Василий открыл рот, не понял вопроса, потом все же сообразил.
– Он только что открылся, называется «Прекрасная леди», это за Елоховской церковью, – выпалил он. – Хочешь, поедем вместе? Ты теперь богачка, – он рукавом провел по лбу. – Не волнуйся, мотор я возьму, – он снял со спины свой столик.
– Я не волнуюсь, но туда не поеду, – она замотала головой. – У меня от жары в глазах потемнело, перегрелась на солнце, пойду домой.
– Давай я тебя провожу, – тотчас вызвался Василий.
– Нет, не надо, доберусь сама.
Это была отговорка. Ее домой вовсе не тянуло. Она хотела отвязаться от Василия. Он ей мешал. Идет пыхтит, надрывается. Весь потный, от него разит за версту. Будет и дальше бубнить про Риту, про ересь, про заумь, про масонство… Ему бы сейчас бутылку «Московской»…
– Вот, возьми, – она протянула ему сто долларов. – Это твои деньги, ты заработал их. Купи бутылку, возвращайся к ребятам на Набережную, поговори с ними.
– Ты что, подруга, – он отступил назад и спиной уперся в ограждение. Лицо у него нахмурилось. На мокрой груди поблескивал серебряный крестик. – Я не для этого бежал за тобой.
– Я знаю. Но ты бери, бери, – спокойно проговорила Катерина. – Не бойся. Они твои. Сегодня и твой день. Ты их заработал, рекламу мне сделал.
– Нет, – он закрутил головой, рот у него перекосился, он так резко взмахнул руками, что чуть не упал.
– Бери, говорю, – настаивала Катерина, подошла к нему вплотную, брови у нее сошлись вместе.
– Нет! – выкрикнул он. Глаза у него расширились. Катерина видела, как он боролся с собой.
– Боишься, – с усмешкой произнесла она. Видела, что устоять перед искушением становилось ему не под силу. Еще секунда, и он бы сломался. Она это чувствовала и потому водила купюрой перед его носом, дразнила, не сводила с него зеленых глаз. – Возьмешь?!

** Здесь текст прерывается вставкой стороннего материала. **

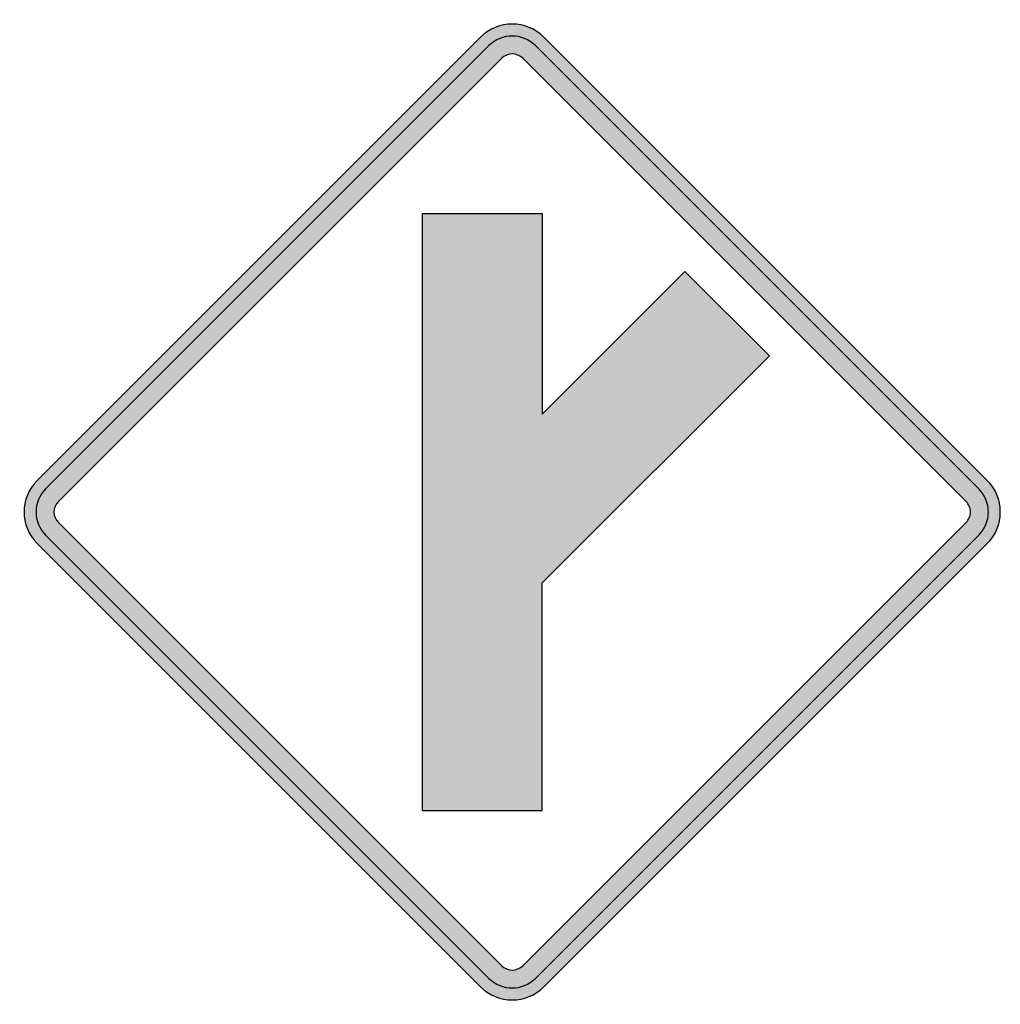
# Model space of a CAD drawing. Header units: inches. Extents: x -20.6 to 20.4, y -20.6 to 20.6.
import ezdxf

# ---------------------------------------------------------------- set-up
doc = ezdxf.new("R2010")
doc.units = ezdxf.units.IN
doc.header["$MEASUREMENT"] = 0

msp = doc.modelspace()

# ---------------------------------------------------------------- hatches: boundary and pattern name
h = msp.add_hatch(color=7)
h.paths.add_polyline_path([(19.884, -1.322), (1.322, -19.891), (1.131, -20.054), (0.926, -20.195), (0.707, -20.301), (0.474, -20.372), (0.24, -20.421), (0, -20.435), (-0.24, -20.421), (-0.474, -20.379), (-0.707, -20.301), (-0.926, -20.195), (-1.131, -20.054), (-1.329, -19.884), (-19.891, -1.322), (-20.054, -1.131), (-20.195, -0.926), (-20.301, -0.707), (-20.379, -0.474), (-20.421, -0.24), (-20.435, 0), (-20.421, 0.24), (-20.379, 0.474), (-20.301, 0.707), (-20.195, 0.926), (-20.054, 1.131), (-19.891, 1.329), (-1.329, 19.891), (-1.131, 20.054), (-0.926, 20.195), (-0.707, 20.301), (-0.474, 20.379), (-0.24, 20.421), (0, 20.435), (0.24, 20.421), (0.474, 20.379), (0.707, 20.301), (0.926, 20.195), (1.131, 20.054), (1.322, 19.884), (19.884, 1.322), (20.046, 1.138), (20.188, 0.933), (20.294, 0.714), (20.372, 0.488), (20.421, 0.247), (20.435, 0), (20.421, -0.247), (20.372, -0.488), (20.294, -0.714), (20.188, -0.933), (20.046, -1.138), (19.884, -1.322)])
h.paths.add_polyline_path([(-0.438, -19), (-19, -0.438), (-19.106, -0.311), (-19.163, -0.156), (-19.184, 0), (-19.163, 0.156), (-19.106, 0.311), (-19, 0.438), (-0.438, 19), (-0.311, 19.106), (-0.156, 19.163), (0, 19.184), (0.156, 19.163), (0.311, 19.106), (0.438, 19), (19, 0.438), (19.057, 0.382), (19.099, 0.311), (19.134, 0.24), (19.163, 0.163), (19.177, 0.085), (19.184, 0), (19.177, -0.085), (19.163, -0.163), (19.134, -0.24), (19.099, -0.311), (19.057, -0.382), (19, -0.438), (0.438, -19), (0.311, -19.106), (0.156, -19.163), (0, -19.184), (-0.156, -19.163), (-0.311, -19.106), (-0.438, -19)], flags=0)
msp.add_hatch(color=7).paths.add_polyline_path([(1.252, -2.97), (1.252, -12.502), (-3.748, -12.502), (-3.748, 12.502), (1.252, 12.502), (1.252, 4.101), (7.234, 10.083), (10.769, 6.548), (1.252, -2.97)])

# ---------------------------------------------------------------- linework, layer by layer
at = {"color": 7}
for p, q in [((-1.325, 19.887), (-19.887, 1.325)), ((19.887, 1.325), (1.326, 19.887)), ((-0.971, 19.534), (-19.533, 0.972)), ((19.534, 0.972), (0.973, 19.534)), ((-0.439, 19.003), (-19.001, 0.441)), ((19.003, 0.441), (0.442, 19.003)), ((-3.75, -12.5), (-3.75, 12.5)), ((-3.75, 12.5), (1.25, 12.5)), ((1.25, 12.5), (1.25, 4.098)), ((1.25, 4.098), (7.233, 10.08)), ((7.233, 10.08), (10.767, 6.545)), ((1.25, -2.973), (10.767, 6.545)), ((-19.001, -0.44), (-0.439, -19.002)), ((19.003, -0.44), (0.442, -19.002)), ((-19.533, -0.972), (-0.971, -19.534)), ((19.534, -0.972), (0.973, -19.534)), ((-19.887, -1.326), (-1.325, -19.888)), ((19.887, -1.326), (1.326, -19.888)), ((1.25, -12.5), (1.25, -2.973)), ((-3.75, -12.5), (1.25, -12.5))]:
    msp.add_line(p, q, dxfattribs=at)
for points in [[(1.326, 19.887), (0.594, 20.62), (-0.594, 20.62), (-1.326, 19.887)], [(0.972, 19.534), (0.435, 20.07), (-0.435, 20.07), (-0.972, 19.534)], [(0.441, 19.002), (0.197, 19.246), (-0.197, 19.246), (-0.441, 19.002)], [(-19.887, 1.326), (-20.62, 0.594), (-20.62, -0.593), (-19.887, -1.326)], [(-19.534, 0.972), (-20.07, 0.435), (-20.07, -0.435), (-19.534, -0.972)], [(-19.002, 0.441), (-19.246, 0.197), (-19.246, -0.197), (-19.002, -0.441)], [(-0.441, -19.002), (-0.197, -19.246), (0.197, -19.246), (0.441, -19.002)], [(-0.972, -19.533), (-0.435, -20.07), (0.435, -20.07), (0.972, -19.533)], [(-1.326, -19.887), (-0.594, -20.619), (0.594, -20.619), (1.326, -19.887)]]:
    msp.add_open_spline(points, degree=3, dxfattribs=at)
for points in [[(19.887, -1.326), (20.239, -0.974), (20.436, -0.497), (20.436, 0), (20.436, 0.497), (20.239, 0.974), (19.887, 1.326)], [(19.533, -0.972), (19.791, -0.714), (19.936, -0.364), (19.936, 0), (19.936, 0.365), (19.791, 0.714), (19.533, 0.972)], [(19.002, -0.441), (19.119, -0.324), (19.185, -0.165), (19.185, 0), (19.185, 0.165), (19.119, 0.324), (19.002, 0.441)]]:
    msp.add_open_spline(points, degree=3, knots=[0, 0, 0, 0, 1, 1, 1, 2, 2, 2, 2], dxfattribs=at)

doc.saveas('drawing.dxf')

Он в отчаянии зажмурился и как заведенный продолжал мотать головой.
– Нет, ни за что.
– Последний раз спрашиваю?
– Нет! – взревел он не своим голосом.
– Тогда они никому не достанутся, – спокойно произнесла она, повернулась к парапету и неторопливо порвала сотенную купюру. Потом, перегнувшись, смотрела, как мелкие зелененькие клочки кружились в воздухе и опускались на пенистую воду.
Василий смотрел на нее с открытым ртом и несколько мгновений не мог вымолвить ни слова. Потом дернул плечами, словно отгонял наваждение, перекрестился, буркнул себе под нос: «Чучело ты, Катерина! Настоящий вольт.». Поднял с асфальта свой столик, развернулся и стремглав побежал по мостику вниз. Только замелькали стертые подошвы его нечищеных башмаков.